Contém spoilers de Sex and the City, só avisando (T. 3, Ep. 16)
Não sei se você já assistiu Sex and the City - eu lembro de assistir alguns episódios quando era bem novinha (será se fui influenciada pela Samantha, sim ou com certeza?) e estou achando interessantíssimo assistir agora, com um olhar adulto e problematizador, é claro.
Hoje vamos falar sobre como nossa sociedade separa as mulheres em “pra casar”e “pra transar” e por que isso é um problema.

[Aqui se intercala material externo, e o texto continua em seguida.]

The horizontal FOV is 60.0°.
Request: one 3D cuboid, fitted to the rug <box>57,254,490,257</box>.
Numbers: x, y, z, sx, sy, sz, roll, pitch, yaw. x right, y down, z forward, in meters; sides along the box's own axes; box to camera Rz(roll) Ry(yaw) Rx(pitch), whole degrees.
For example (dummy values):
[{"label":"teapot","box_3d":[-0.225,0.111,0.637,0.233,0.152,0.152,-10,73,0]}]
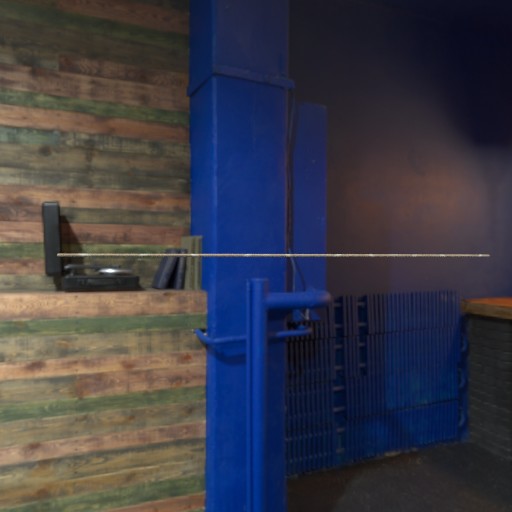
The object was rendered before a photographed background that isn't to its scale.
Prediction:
[{"label":"rug","box_3d":[0.000,0.000,2.742,2.134,0.010,1.524,0,0,-20]}]

Estou na parte em que a Charlotte acabou de se casar com o Trey. Pra quem não sabe, a Charlotte é a “boazinha” (chatíssima) do grupo. A que sempre sonhou em se casar, ter uma família margarina, não fala palavrão e é a primeira a julgar qualquer comportamento liberal como vulgar. Só que essa princesa se casou com um broxa. E de repente o sexo passou a ser importante em sua vida.
Ela tentou todas as técnicas de sedução, empenhada em fazer a pipa subir. Tentou conversar sobre o assunto com o marido, enquanto ele sempre se esquivava do assunto, atribuindo zero importância à sua própria paumolescência.
Meses de tesão acumulado se passaram para a Charlotte, até que numa noite ela acordou com sons estranhos vindo do banheiro. Os grunhidos eram, nada mais, nada menos, do que seu marido se masturbando com a revista Peitões.
Boa notícia: o negócio funciona.
Má notícia: continua não funcionando com ela.
Como proceder?
Confesso que, no momento em que escrevo este texto, ainda não assisti o próximo episódio, então realmente não sei o que acontece. Maaas tenho meu palpite, principalmente com base em algo que o próprio Trey falou.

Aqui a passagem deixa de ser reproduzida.